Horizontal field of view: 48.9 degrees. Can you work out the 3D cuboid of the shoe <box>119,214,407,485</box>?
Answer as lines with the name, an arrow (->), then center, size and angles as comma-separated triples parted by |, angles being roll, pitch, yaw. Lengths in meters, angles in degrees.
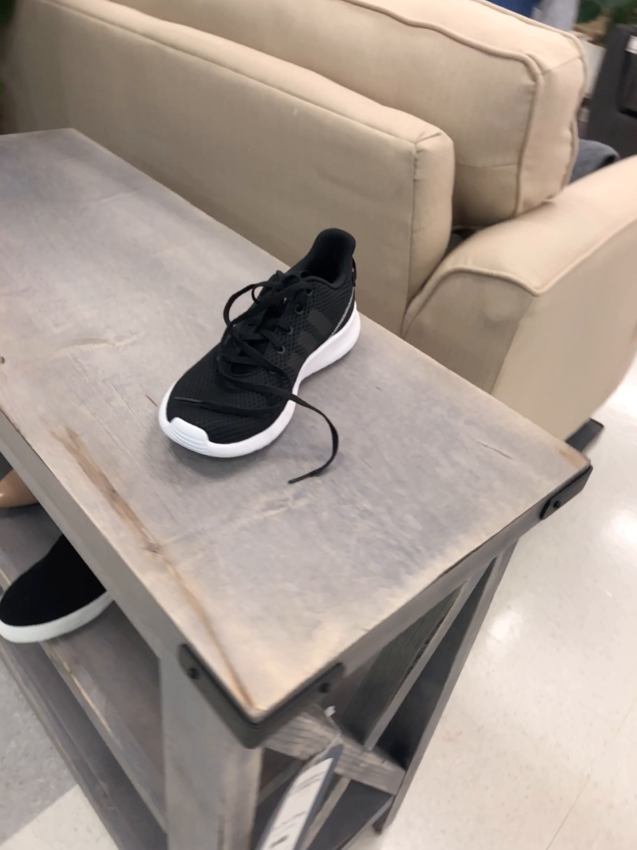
shoe -> -0.039, -0.088, 0.656 | 0.120, 0.109, 0.285 | 25, 41, 19
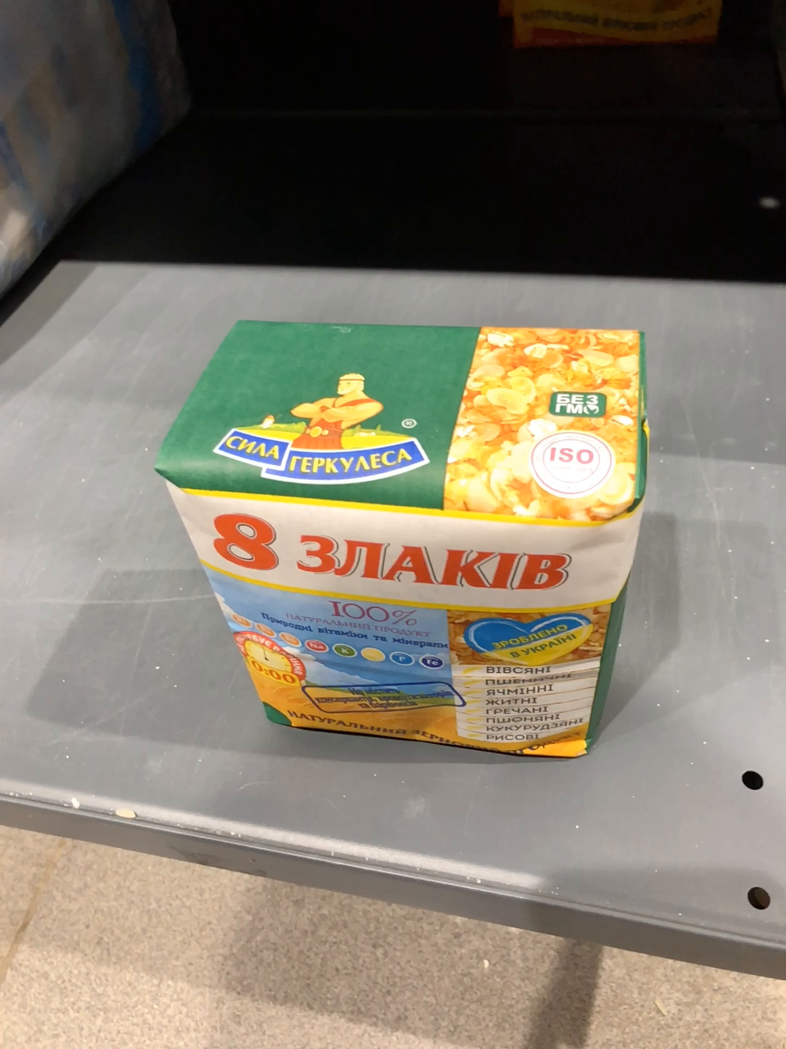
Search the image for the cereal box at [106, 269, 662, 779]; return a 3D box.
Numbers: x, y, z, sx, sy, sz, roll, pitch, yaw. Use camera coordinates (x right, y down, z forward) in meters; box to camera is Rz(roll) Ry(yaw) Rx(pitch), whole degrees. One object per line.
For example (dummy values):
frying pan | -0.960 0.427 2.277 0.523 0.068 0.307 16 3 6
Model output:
cereal box | 0.007 0.004 0.255 0.120 0.129 0.071 5 49 12
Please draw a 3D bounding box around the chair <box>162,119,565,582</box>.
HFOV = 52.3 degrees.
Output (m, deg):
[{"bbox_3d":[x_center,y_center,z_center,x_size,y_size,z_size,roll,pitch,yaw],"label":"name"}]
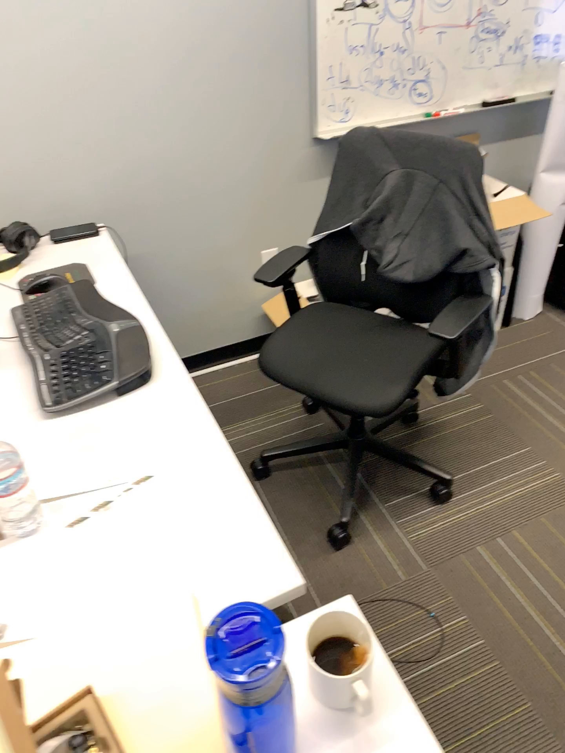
------------------------------
WHAT IS NEEDED | Without carrying over any picture, retype the records above word for word.

ANSWER |
Horizontal field of view: 48.9 degrees. Can you work out the 3D cuboid of the shoe <box>119,214,407,485</box>?
Answer as lines with the name, an arrow (->), then center, size and angles as comma-separated triples parted by |, angles being roll, pitch, yaw. Lengths in meters, angles in degrees.
shoe -> -0.039, -0.088, 0.656 | 0.120, 0.109, 0.285 | 25, 41, 19
Search the image for the cereal box at [106, 269, 662, 779]; return a 3D box.
Numbers: x, y, z, sx, sy, sz, roll, pitch, yaw. Use camera coordinates (x right, y down, z forward) in meters; box to camera is Rz(roll) Ry(yaw) Rx(pitch), whole degrees. One object per line.
For example (dummy values):
frying pan | -0.960 0.427 2.277 0.523 0.068 0.307 16 3 6
Model output:
cereal box | 0.007 0.004 0.255 0.120 0.129 0.071 5 49 12
Please draw a 3D bounding box around the chair <box>162,119,565,582</box>.
HFOV = 52.3 degrees.
Output (m, deg):
[{"bbox_3d":[x_center,y_center,z_center,x_size,y_size,z_size,roll,pitch,yaw],"label":"name"}]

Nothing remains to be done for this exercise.